Channel Capacity - Heuristic proof

Quick recap of the channel capacity heuristic proof. Reference here: https://www.eecs.berkeley.edu/~dtse/Chapters_PDF/Fundamentals_Wireless_Communication_chapter5.pdf Assume we are transmitting a codeword in N dimensions. The dimension could represent time or any other signal characteristic. Assume it is corrupted with a noise vector (also N dimensions). Now each of the codewords can be represented as a point in N dimensional space. Assume also that we have a power constraint P (total power transmitted must not exceed P)- so all the received codewords must lie in an N-dimensional sphere of radius sqrt(N(P+sigma^2)).

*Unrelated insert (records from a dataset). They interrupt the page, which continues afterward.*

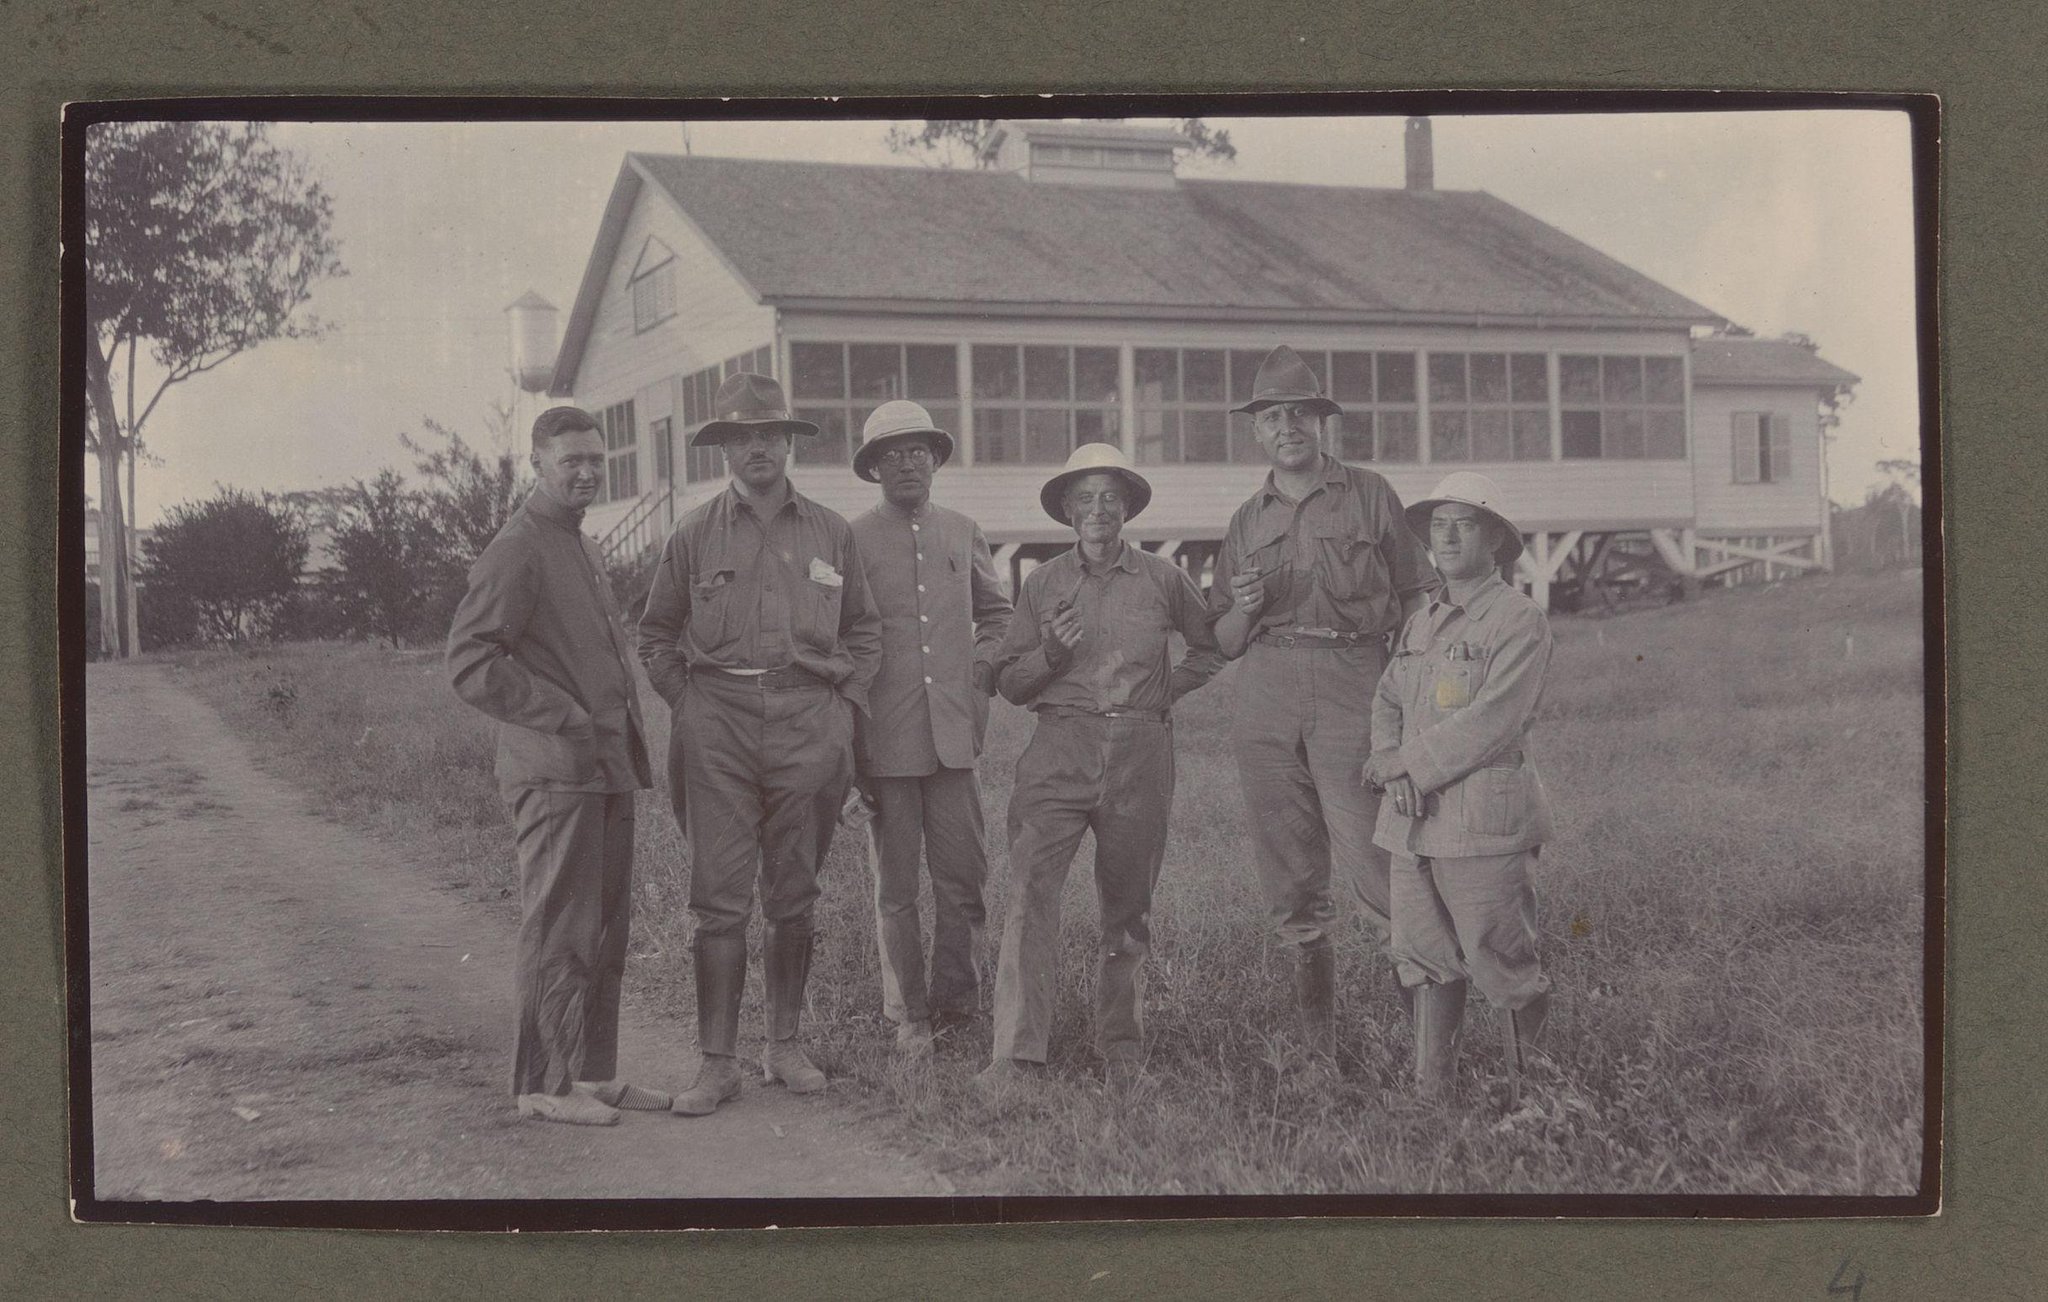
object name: photograph
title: Groepsfoto van zes mannen
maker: Anonymous
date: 1911-1925
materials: photographic support
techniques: photography
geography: suriname
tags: jetten, familie, moengo
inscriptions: inscription: ‘Nov '25 / ... work is finished’
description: Foto van een groep van zes mannen voor een huis te Moengo, in het midden R.A. Jetten. Foto op een bladzijde van een los albumblad. Onderdeel van het ensemble met foto's van de familie van ingenieur Jetten in de mijnbouwstad Moengo in Suriname.

For error free decoding, all the received vectors (transmitted point + noise vector) should lie inside non-overlapping spheres inside this large sphere of radius sqrt(N(P+sigma^2)). The radius of this non-overlapping noise spheres has to be sigma^2 (noise variance) for a large N. Thus, max number of codewords that can be transmitted in this scenario can be geometrically deduced as sqrt(N(P+sigma^2))^N/sqrt(sigma^2)^N or equivalently the max number of bits that can be conveyed is log2(max_num_codewords). This yields the famous shannon expression for channel capacity. I.e no more information can be transmitted with the given power constraint on an AWGN channel with arbitrarily small error rate.